The graphs shown in Figure 6 indicate a positive effect of applying laser microgeometry to the plunger. Using microgeometry reduced friction losses by 7.5%, while fuel leaks increased by 2.1%. The minimum thickness of the lubricating film decreased by 9%, and the maximum pressure of the lubricating film increased by 20%, which positively affected the load-carrying capacity of the tribosystem.

6. Conclusions

1. A mathematical model considering micro-dimples with variable parameters on the surfaces of plunger pairs has been presented.

2. Based on the provided methodology, software has been developed, and the computational grid has been modified to increase its density and allow for significantly smaller values of microgeometry parameters to be used in the calculations.
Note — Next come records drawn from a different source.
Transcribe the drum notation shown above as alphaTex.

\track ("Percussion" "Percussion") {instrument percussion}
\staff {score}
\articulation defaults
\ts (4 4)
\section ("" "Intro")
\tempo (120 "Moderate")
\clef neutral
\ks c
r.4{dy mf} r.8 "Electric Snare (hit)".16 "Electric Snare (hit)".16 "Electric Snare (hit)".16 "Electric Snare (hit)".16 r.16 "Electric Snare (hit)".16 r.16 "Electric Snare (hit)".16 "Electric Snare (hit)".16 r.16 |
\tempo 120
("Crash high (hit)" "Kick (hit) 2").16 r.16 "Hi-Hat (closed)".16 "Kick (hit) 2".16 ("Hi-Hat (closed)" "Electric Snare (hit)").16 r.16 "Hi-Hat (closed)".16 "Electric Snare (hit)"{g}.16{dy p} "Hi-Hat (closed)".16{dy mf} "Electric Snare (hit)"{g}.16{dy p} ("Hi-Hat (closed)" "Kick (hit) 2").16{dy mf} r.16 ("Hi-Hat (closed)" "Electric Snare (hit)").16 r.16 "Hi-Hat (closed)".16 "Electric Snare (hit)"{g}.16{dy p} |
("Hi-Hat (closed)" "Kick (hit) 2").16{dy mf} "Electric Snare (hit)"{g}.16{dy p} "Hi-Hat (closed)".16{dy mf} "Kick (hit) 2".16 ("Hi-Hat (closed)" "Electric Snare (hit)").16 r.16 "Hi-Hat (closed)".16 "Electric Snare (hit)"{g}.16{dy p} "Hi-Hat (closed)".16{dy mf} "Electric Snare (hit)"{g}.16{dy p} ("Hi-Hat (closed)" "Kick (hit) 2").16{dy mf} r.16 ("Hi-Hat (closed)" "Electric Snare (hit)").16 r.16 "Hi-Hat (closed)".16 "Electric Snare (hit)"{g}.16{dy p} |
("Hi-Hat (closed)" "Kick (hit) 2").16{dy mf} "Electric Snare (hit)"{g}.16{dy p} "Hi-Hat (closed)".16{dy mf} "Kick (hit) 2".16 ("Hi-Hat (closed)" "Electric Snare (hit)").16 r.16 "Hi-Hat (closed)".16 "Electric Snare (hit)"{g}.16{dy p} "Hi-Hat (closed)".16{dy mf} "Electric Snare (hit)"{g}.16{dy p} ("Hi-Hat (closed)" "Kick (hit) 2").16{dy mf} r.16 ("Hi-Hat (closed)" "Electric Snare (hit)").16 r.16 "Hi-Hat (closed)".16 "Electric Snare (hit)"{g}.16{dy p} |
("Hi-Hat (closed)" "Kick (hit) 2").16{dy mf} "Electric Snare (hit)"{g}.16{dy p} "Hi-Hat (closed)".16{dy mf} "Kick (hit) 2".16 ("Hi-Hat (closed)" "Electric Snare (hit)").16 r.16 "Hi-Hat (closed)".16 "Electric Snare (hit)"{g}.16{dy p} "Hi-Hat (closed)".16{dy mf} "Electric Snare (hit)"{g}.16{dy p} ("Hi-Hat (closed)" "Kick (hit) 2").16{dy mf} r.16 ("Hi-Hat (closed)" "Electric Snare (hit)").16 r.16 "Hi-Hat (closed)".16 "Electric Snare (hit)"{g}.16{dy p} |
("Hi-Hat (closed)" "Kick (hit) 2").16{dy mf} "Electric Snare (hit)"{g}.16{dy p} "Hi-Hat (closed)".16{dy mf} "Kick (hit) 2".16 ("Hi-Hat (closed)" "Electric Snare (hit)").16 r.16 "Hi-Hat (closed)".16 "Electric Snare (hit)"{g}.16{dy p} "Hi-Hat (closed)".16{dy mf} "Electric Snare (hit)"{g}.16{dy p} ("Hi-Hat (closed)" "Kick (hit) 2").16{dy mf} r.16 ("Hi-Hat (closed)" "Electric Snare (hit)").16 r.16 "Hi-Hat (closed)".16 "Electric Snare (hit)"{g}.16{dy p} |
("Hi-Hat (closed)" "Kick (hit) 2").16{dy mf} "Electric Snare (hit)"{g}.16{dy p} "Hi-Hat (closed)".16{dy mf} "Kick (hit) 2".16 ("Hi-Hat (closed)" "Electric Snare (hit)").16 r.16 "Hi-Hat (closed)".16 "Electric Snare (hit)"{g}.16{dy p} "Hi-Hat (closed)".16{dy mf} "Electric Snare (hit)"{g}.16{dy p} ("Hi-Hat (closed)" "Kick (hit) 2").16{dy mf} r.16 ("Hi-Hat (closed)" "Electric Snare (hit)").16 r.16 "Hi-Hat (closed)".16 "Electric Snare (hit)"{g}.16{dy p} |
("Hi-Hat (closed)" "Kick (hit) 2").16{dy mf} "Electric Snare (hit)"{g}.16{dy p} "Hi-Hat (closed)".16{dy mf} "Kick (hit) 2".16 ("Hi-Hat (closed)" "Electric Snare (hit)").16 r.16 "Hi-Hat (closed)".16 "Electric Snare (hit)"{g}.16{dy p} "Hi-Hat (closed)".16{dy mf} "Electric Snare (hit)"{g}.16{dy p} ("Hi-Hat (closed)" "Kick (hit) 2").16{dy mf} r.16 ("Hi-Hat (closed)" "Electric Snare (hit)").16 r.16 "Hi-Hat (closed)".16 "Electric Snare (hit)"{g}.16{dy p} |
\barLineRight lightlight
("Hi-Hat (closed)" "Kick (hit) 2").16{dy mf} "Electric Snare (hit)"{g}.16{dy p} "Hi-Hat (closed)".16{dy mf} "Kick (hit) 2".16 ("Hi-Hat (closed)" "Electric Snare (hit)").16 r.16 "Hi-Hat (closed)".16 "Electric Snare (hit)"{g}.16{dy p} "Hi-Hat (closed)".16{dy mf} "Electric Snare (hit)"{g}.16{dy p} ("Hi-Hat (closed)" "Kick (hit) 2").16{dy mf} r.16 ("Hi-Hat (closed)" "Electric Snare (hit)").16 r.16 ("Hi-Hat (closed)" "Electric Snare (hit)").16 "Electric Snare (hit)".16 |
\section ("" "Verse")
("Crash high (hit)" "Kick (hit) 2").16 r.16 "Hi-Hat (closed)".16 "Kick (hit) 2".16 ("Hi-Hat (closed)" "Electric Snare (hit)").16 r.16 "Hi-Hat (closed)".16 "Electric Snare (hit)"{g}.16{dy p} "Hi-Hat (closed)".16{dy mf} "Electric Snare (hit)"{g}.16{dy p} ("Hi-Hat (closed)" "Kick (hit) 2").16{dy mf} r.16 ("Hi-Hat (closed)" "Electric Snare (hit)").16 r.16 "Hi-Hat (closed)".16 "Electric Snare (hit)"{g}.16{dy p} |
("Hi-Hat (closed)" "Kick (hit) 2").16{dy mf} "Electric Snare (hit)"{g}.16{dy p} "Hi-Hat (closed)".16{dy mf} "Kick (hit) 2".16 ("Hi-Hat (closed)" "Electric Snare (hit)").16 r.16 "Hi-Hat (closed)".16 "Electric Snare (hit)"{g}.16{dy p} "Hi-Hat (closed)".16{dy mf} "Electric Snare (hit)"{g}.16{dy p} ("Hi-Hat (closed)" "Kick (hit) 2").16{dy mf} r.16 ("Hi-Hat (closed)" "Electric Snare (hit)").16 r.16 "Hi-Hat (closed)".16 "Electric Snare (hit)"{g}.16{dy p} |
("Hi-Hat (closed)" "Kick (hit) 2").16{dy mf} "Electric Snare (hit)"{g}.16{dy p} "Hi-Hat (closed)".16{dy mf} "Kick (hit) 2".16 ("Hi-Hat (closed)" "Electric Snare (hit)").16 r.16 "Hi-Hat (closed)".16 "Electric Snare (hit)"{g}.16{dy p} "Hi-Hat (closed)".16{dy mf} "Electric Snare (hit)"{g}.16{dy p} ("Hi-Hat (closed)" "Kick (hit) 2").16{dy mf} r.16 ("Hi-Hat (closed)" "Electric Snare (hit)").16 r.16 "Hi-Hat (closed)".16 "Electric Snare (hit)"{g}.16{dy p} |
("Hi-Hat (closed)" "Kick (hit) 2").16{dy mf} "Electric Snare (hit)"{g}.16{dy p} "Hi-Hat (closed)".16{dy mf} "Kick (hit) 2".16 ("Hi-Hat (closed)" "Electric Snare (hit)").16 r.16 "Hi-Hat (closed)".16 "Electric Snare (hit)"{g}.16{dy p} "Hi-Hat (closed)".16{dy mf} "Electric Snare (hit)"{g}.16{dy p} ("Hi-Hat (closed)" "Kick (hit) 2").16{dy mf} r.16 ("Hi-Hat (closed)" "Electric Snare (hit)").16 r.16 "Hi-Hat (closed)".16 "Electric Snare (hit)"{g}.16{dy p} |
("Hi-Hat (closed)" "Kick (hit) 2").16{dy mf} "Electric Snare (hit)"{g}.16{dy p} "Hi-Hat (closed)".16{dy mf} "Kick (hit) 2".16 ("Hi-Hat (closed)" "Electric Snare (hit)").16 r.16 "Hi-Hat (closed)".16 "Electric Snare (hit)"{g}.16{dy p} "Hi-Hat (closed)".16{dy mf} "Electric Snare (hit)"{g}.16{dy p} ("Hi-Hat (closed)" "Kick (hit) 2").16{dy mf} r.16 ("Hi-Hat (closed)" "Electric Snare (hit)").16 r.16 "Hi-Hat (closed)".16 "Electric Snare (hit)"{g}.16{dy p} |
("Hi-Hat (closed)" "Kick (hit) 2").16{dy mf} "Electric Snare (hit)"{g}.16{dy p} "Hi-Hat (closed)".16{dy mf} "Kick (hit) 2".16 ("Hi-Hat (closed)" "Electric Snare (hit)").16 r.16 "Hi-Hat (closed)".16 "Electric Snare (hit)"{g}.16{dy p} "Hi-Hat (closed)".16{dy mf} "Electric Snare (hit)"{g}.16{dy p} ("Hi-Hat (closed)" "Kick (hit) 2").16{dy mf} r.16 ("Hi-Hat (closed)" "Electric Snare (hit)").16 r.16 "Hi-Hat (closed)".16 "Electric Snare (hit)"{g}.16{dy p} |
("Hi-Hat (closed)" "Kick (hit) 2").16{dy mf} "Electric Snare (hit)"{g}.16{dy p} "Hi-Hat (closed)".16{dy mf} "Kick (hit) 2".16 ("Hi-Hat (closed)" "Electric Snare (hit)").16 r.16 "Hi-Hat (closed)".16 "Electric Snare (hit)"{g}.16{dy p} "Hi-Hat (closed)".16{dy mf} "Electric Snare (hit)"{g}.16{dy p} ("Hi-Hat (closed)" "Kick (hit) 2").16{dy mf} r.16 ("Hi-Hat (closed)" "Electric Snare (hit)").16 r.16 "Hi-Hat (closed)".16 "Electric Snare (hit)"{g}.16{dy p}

3. Based on the results of the performed parametric investigations of the microgeometry of the plunger pair in the “Microgeometry of Plunger Pair for Fuel Injection Pump” program implemented in Visual Fortran, the following conclusions can be drawn: the maximum feasible computational grid size is 12,000 by 7500 cells, enabling the specification of micro-dimple diameters of approximately 5 μm. The depth of the micro-dimples was varied from 2 to 6 μm (with no minimum restrictions).

4. Based on numerous results of the parametric investigations, it can be concluded that texturing has a positive impact on plunger pairs. Out of the total number of calculations exceeding 135 units, two compromise options were identified. In these cases, friction losses were reduced by 7.5%, and the load-carrying capacity of the lubricating film was increased by raising the pressure in the lubricating film by 20%.

5. The results will be further utilized in the design of new high-pressure fuel pumps for common rail systems.